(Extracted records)
-- Opening Marker --

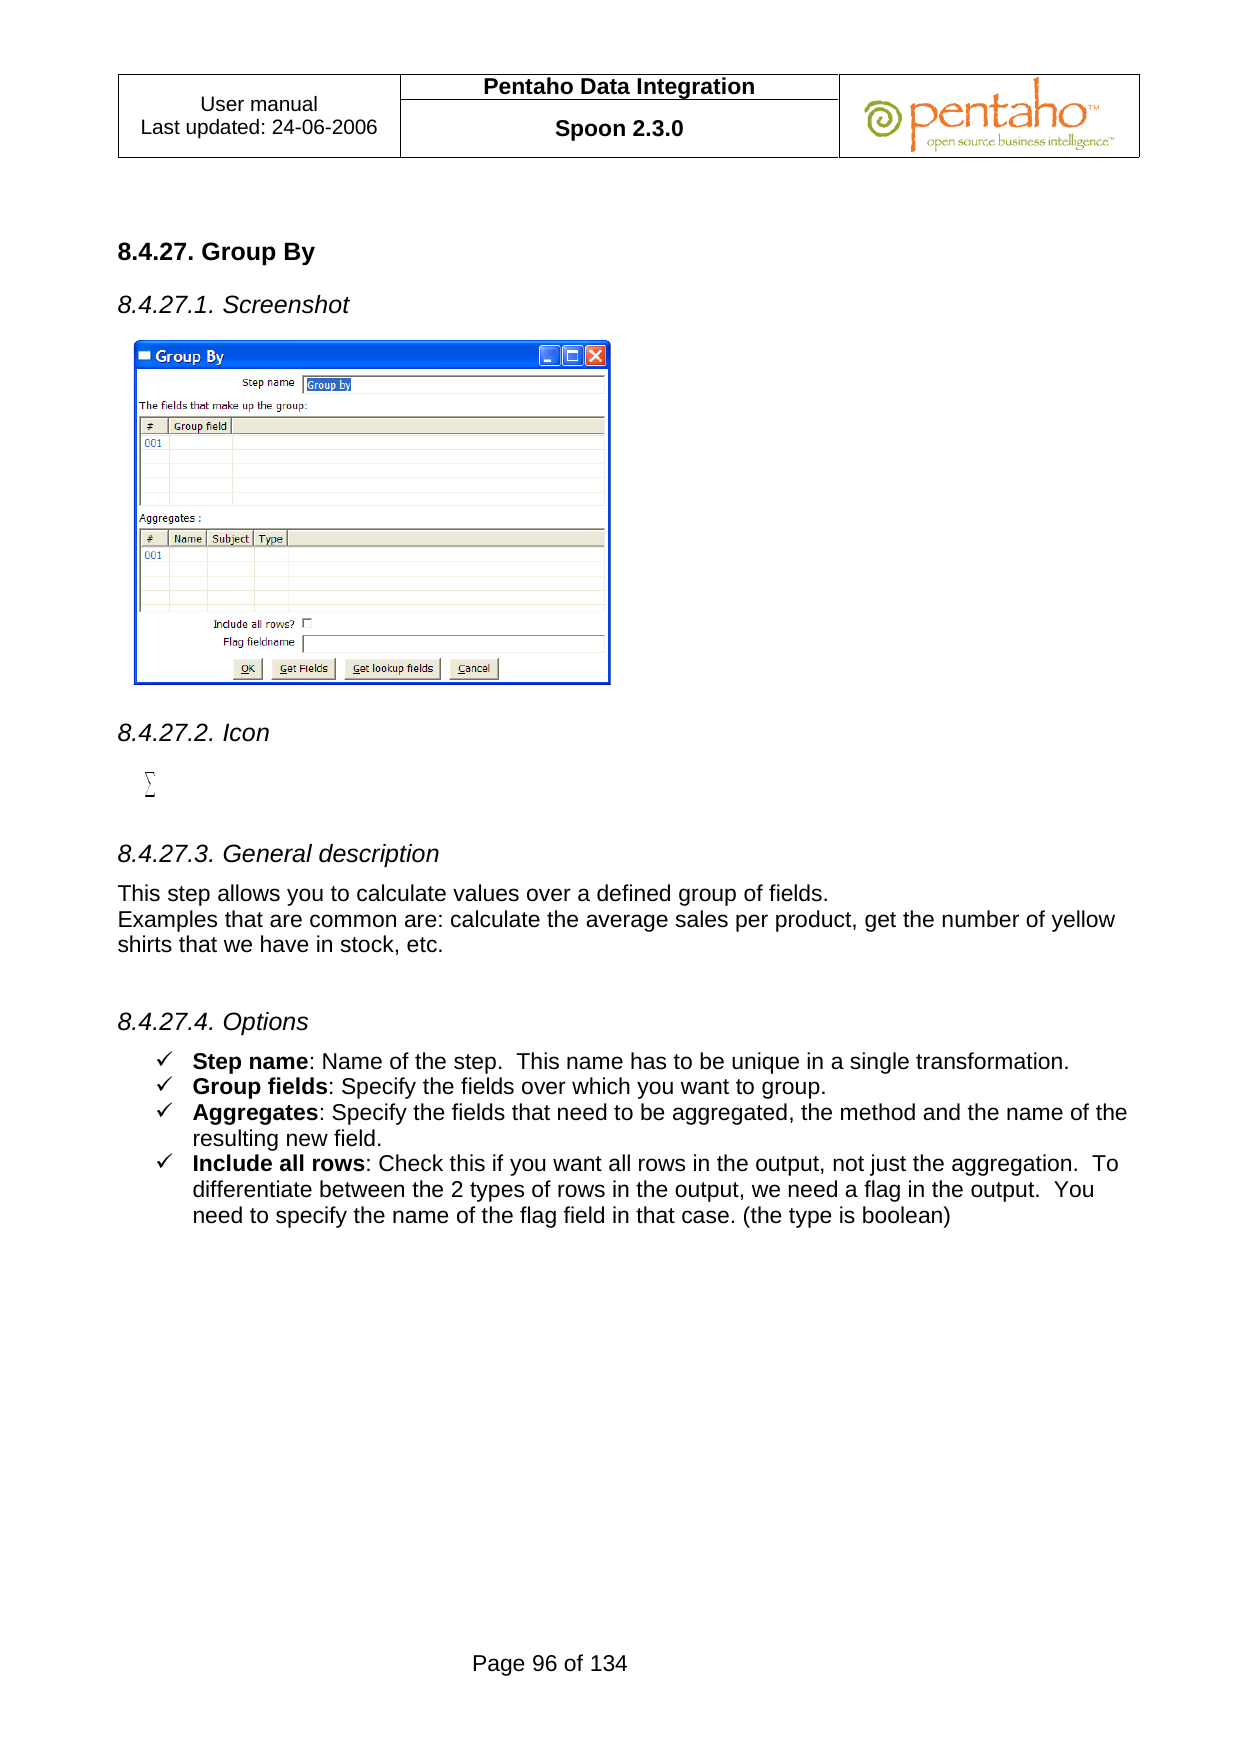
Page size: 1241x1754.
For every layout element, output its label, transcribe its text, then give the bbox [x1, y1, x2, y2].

list Aggregates: Specify the fields that need to be aggregated, the method and the name of the resulting new field. [155, 1100, 1137, 1151]
picture [133, 340, 611, 685]
subtitle Screenshot [117, 291, 1137, 319]
text Examples that are common are: calculate the average sales per product, get the number of yellow shirts that we have in stock, etc. [117, 906, 1137, 957]
subtitle Options [117, 1008, 1137, 1036]
subtitle Icon [117, 718, 1137, 747]
list Step name: Name of the step. This name has to be unique in a single transformation. [155, 1048, 1137, 1074]
text This step allows you to calculate values over a defined group of fields. [117, 881, 1137, 906]
list Group fields: Specify the fields over which you want to group. [155, 1074, 1137, 1100]
picture [140, 768, 158, 802]
subtitle General description [117, 840, 1137, 868]
subtitle Group By [117, 238, 1137, 266]
list Include all rows: Check this if you want all rows in the output, not just the aggregation. To differentiate between the 2 types of rows in the output, we need a flag in the output. You need to specify the name of the flag field in that case. (the type is boolean) [155, 1151, 1137, 1228]
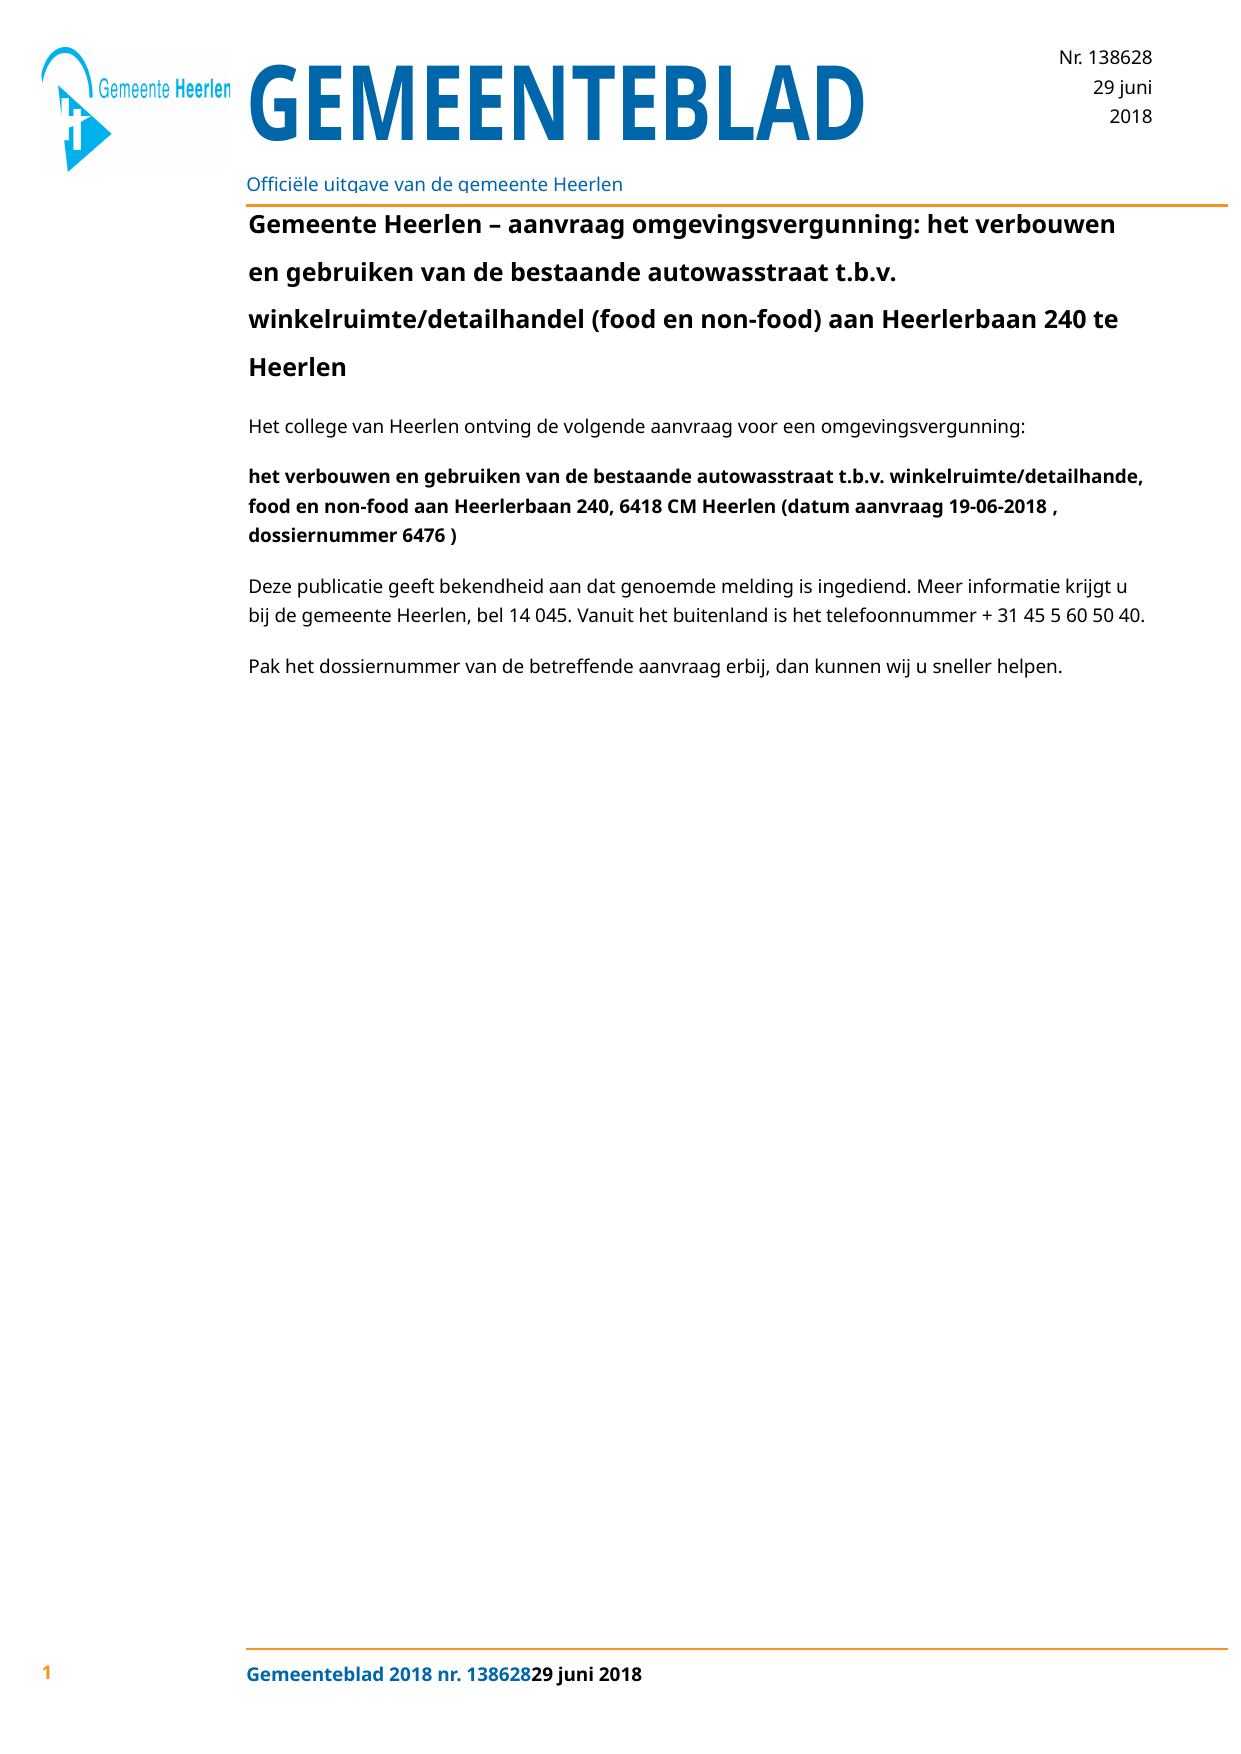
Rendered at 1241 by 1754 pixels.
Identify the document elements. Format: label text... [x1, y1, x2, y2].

text Deze publicatie geeft bekendheid aan dat genoemde melding is ingediend. Meer informatie krijgt u bij de gemeente Heerlen, bel 14 045. Vanuit het buitenland is het telefoonnummer + 31 45 5 60 50 40. [248, 573, 1152, 628]
picture [41, 47, 231, 172]
picture [41, 47, 58, 70]
text het verbouwen en gebruiken van de bestaande autowasstraat t.b.v. winkelruimte/detailhande, food en non-food aan Heerlerbaan 240, 6418 CM Heerlen (datum aanvraag 19-06-2018 , dossiernummer 6476 ) [248, 463, 1152, 548]
text Gemeente Heerlen – aanvraag omgevingsvergunning: het verbouwen en gebruiken van de bestaande autowasstraat t.b.v. winkelruimte/detailhandel (food en non-food) aan Heerlerbaan 240 te Heerlen [248, 207, 1152, 384]
text Het college van Heerlen ontving de volgende aanvraag voor een omgevingsvergunning: [248, 413, 1152, 439]
text Pak het dossiernummer van de betreffende aanvraag erbij, dan kunnen wij u sneller helpen. [248, 653, 1152, 679]
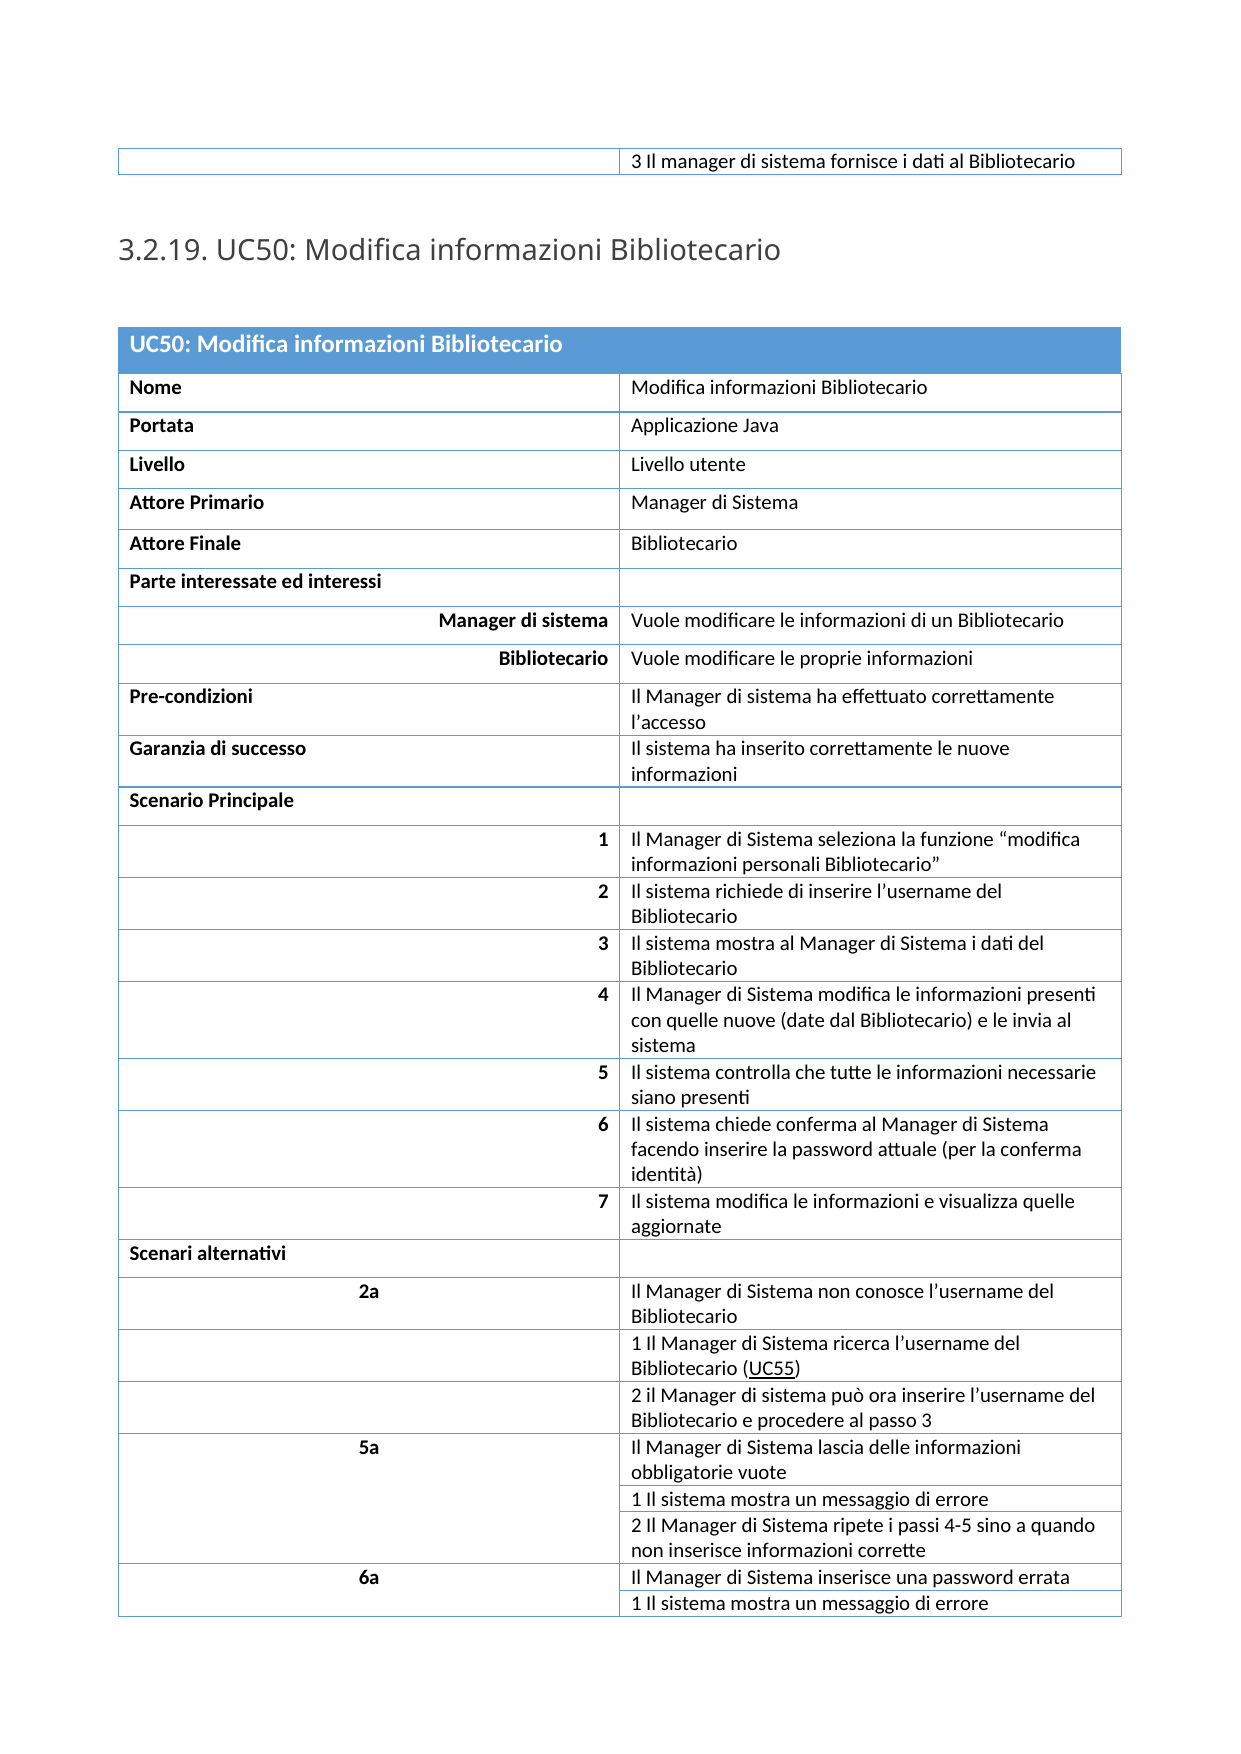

-- Closing Marker --

**DIRECTIONS FOR THIS TASK:**
Scan the lines above for "subtitle Options [117, 1008, 1137, 1036]" and for "subtitle Group By [117, 238, 1137, 266]". Repeat exactly the line holding each of them and every line in between.

**RESPONSE TO THE TASK:**
subtitle Options [117, 1008, 1137, 1036]
subtitle Icon [117, 718, 1137, 747]
list Step name: Name of the step. This name has to be unique in a single transformation. [155, 1048, 1137, 1074]
text This step allows you to calculate values over a defined group of fields. [117, 881, 1137, 906]
list Group fields: Specify the fields over which you want to group. [155, 1074, 1137, 1100]
picture [140, 768, 158, 802]
subtitle General description [117, 840, 1137, 868]
subtitle Group By [117, 238, 1137, 266]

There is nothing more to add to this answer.